Set each record down exactly, excluding all images.

= = = = =

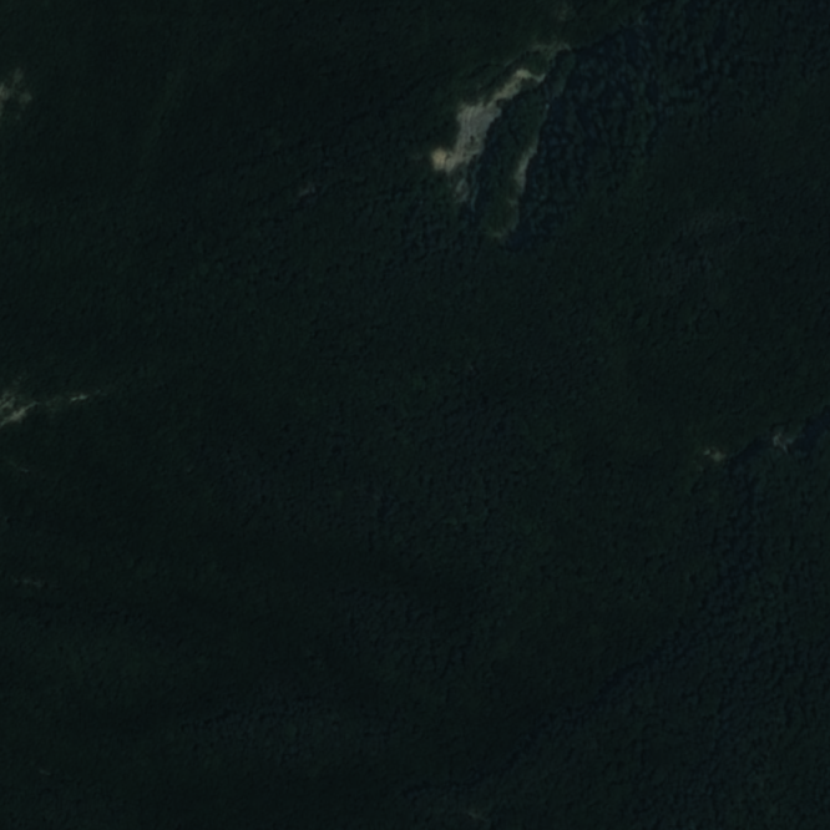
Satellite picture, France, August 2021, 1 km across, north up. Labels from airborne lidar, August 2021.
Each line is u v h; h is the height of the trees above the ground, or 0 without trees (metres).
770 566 25
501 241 8
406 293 28
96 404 15
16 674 19
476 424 36
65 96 16
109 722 24
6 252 16
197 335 28
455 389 32
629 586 26
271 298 29
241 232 30
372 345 37
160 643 30
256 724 34
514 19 16
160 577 22
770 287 30
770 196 38
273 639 27
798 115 27
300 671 28
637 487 36
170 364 15
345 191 32
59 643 30
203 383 24
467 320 26
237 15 13
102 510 23
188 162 14
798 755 6
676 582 29
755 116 21
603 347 18
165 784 23
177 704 25
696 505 21
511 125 18
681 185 25
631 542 34
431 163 24
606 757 18
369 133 29
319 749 31
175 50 14
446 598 26
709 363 35
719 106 20
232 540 22
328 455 28
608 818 19
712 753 27
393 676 17
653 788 24
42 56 12
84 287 22
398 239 33
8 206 12
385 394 30
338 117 21
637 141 24
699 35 22
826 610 27
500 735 26
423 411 27
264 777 33
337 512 32
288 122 19
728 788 31
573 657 31
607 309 34
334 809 22
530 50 8
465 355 27
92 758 23
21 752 15
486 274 22
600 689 23
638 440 37
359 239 34
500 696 23
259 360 24
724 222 31
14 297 18
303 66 23
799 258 34
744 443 20
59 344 20
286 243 30
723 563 29
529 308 23
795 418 15
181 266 25
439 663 32
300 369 29
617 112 34
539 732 23
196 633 18
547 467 35
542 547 31
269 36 15
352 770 21
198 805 22
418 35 26
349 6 22
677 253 35
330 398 28
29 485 16
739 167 24
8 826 26
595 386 29
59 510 19
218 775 23
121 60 14
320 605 14
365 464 27
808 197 35
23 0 9
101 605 22
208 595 24
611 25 20
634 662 25
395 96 21
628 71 37
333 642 21
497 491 32
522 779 24
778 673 33
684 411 27
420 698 20
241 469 28
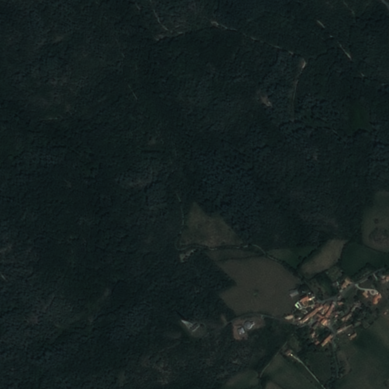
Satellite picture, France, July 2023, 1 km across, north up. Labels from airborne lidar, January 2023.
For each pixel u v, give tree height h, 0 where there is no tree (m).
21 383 8
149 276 11
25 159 18
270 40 12
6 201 19
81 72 10
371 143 13
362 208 12
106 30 8
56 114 10
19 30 11
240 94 8
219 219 0
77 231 14
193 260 9
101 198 13
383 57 15
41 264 14
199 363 7
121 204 19
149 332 8
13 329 19
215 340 6
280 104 28
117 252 15
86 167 8
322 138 15
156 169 16
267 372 0
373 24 13
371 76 9
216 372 11
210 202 14
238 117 7
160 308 12
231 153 15
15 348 15
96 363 11
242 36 13
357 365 0
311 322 0
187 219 7
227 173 28
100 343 16
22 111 7
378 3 10
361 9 9
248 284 0
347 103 26
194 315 12
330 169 7
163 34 7
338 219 8
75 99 17
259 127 22
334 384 12
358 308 9
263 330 0
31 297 18
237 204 29
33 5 6
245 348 10
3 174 23
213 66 9
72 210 24
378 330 0
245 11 26
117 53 8
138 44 16
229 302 0
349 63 19
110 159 22
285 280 0
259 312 0
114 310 9
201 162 24
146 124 13
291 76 18
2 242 9
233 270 0
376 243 0
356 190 13
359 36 12
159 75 27
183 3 11
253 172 15
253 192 27
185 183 15
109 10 20
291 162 8
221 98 8
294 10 24
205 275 8
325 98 9
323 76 17
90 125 10
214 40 9
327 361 0
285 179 11
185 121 19
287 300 0
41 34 14
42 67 16
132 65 17
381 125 19
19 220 14
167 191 9
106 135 15
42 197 18
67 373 17
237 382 0
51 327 13
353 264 0
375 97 17
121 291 19
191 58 15
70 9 13
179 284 11
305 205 12
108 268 15
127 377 10
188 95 13
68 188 19
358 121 0
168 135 15
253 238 6
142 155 19
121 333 17
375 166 18
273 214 6
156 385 9
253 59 8
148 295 14
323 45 16
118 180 21
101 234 25
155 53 28
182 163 17
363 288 0
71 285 11
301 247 9
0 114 21
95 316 8
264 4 23
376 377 0
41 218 16
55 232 18
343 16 15
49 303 11
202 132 17
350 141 23
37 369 12
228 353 8
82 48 6
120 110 11
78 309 12
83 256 28
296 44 22
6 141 15
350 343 0
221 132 15
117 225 8
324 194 9
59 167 22

= = = = =

#### [Problem solution]
Satellite picture, France, August 2021, 1 km across, north up. Labels from airborne lidar, August 2021.
Each line is u v h; h is the height of the trees above the ground, or 0 without trees (metres).
770 566 25
501 241 8
406 293 28
96 404 15
16 674 19
476 424 36
65 96 16
109 722 24
6 252 16
197 335 28
455 389 32
629 586 26
271 298 29
241 232 30
372 345 37
160 643 30
256 724 34
514 19 16
160 577 22
770 287 30
770 196 38
273 639 27
798 115 27
300 671 28
637 487 36
170 364 15
345 191 32
59 643 30
203 383 24
467 320 26
237 15 13
102 510 23
188 162 14
798 755 6
676 582 29
755 116 21
603 347 18
165 784 23
177 704 25
696 505 21
511 125 18
681 185 25
631 542 34
431 163 24
606 757 18
369 133 29
319 749 31
175 50 14
446 598 26
709 363 35
719 106 20
232 540 22
328 455 28
608 818 19
712 753 27
393 676 17
653 788 24
42 56 12
84 287 22
398 239 33
8 206 12
385 394 30
338 117 21
637 141 24
699 35 22
826 610 27
500 735 26
423 411 27
264 777 33
337 512 32
288 122 19
728 788 31
573 657 31
607 309 34
334 809 22
530 50 8
465 355 27
92 758 23
21 752 15
486 274 22
600 689 23
638 440 37
359 239 34
500 696 23
259 360 24
724 222 31
14 297 18
303 66 23
799 258 34
744 443 20
59 344 20
286 243 30
723 563 29
529 308 23
795 418 15
181 266 25
439 663 32
300 369 29
617 112 34
539 732 23
196 633 18
547 467 35
542 547 31
269 36 15
352 770 21
198 805 22
418 35 26
349 6 22
677 253 35
330 398 28
29 485 16
739 167 24
8 826 26
595 386 29
59 510 19
218 775 23
121 60 14
320 605 14
365 464 27
808 197 35
23 0 9
101 605 22
208 595 24
611 25 20
634 662 25
395 96 21
628 71 37
333 642 21
497 491 32
522 779 24
778 673 33
684 411 27
420 698 20
241 469 28
Satellite picture, France, July 2023, 1 km across, north up. Labels from airborne lidar, January 2023.
For each pixel u v, give tree height h, 0 where there is no tree (m).
21 383 8
149 276 11
25 159 18
270 40 12
6 201 19
81 72 10
371 143 13
362 208 12
106 30 8
56 114 10
19 30 11
240 94 8
219 219 0
77 231 14
193 260 9
101 198 13
383 57 15
41 264 14
199 363 7
121 204 19
149 332 8
13 329 19
215 340 6
280 104 28
117 252 15
86 167 8
322 138 15
156 169 16
267 372 0
373 24 13
371 76 9
216 372 11
210 202 14
238 117 7
160 308 12
231 153 15
15 348 15
96 363 11
242 36 13
357 365 0
311 322 0
187 219 7
227 173 28
100 343 16
22 111 7
378 3 10
361 9 9
248 284 0
347 103 26
194 315 12
330 169 7
163 34 7
338 219 8
75 99 17
259 127 22
334 384 12
358 308 9
263 330 0
31 297 18
237 204 29
33 5 6
245 348 10
3 174 23
213 66 9
72 210 24
378 330 0
245 11 26
117 53 8
138 44 16
229 302 0
349 63 19
110 159 22
285 280 0
259 312 0
114 310 9
201 162 24
146 124 13
291 76 18
2 242 9
233 270 0
376 243 0
356 190 13
359 36 12
159 75 27
183 3 11
253 172 15
253 192 27
185 183 15
109 10 20
291 162 8
221 98 8
294 10 24
205 275 8
325 98 9
323 76 17
90 125 10
214 40 9
327 361 0
285 179 11
185 121 19
287 300 0
41 34 14
42 67 16
132 65 17
381 125 19
19 220 14
167 191 9
106 135 15
42 197 18
67 373 17
237 382 0
51 327 13
353 264 0
375 97 17
121 291 19
191 58 15
70 9 13
179 284 11
305 205 12
108 268 15
127 377 10
188 95 13
68 188 19
358 121 0
168 135 15
253 238 6
142 155 19
121 333 17
375 166 18
273 214 6
156 385 9
253 59 8
148 295 14
323 45 16
118 180 21
101 234 25
155 53 28
182 163 17
363 288 0
71 285 11
301 247 9
0 114 21
95 316 8
264 4 23
376 377 0
41 218 16
55 232 18
343 16 15
49 303 11
202 132 17
350 141 23
37 369 12
228 353 8
82 48 6
120 110 11
78 309 12
83 256 28
296 44 22
6 141 15
350 343 0
221 132 15
117 225 8
324 194 9
59 167 22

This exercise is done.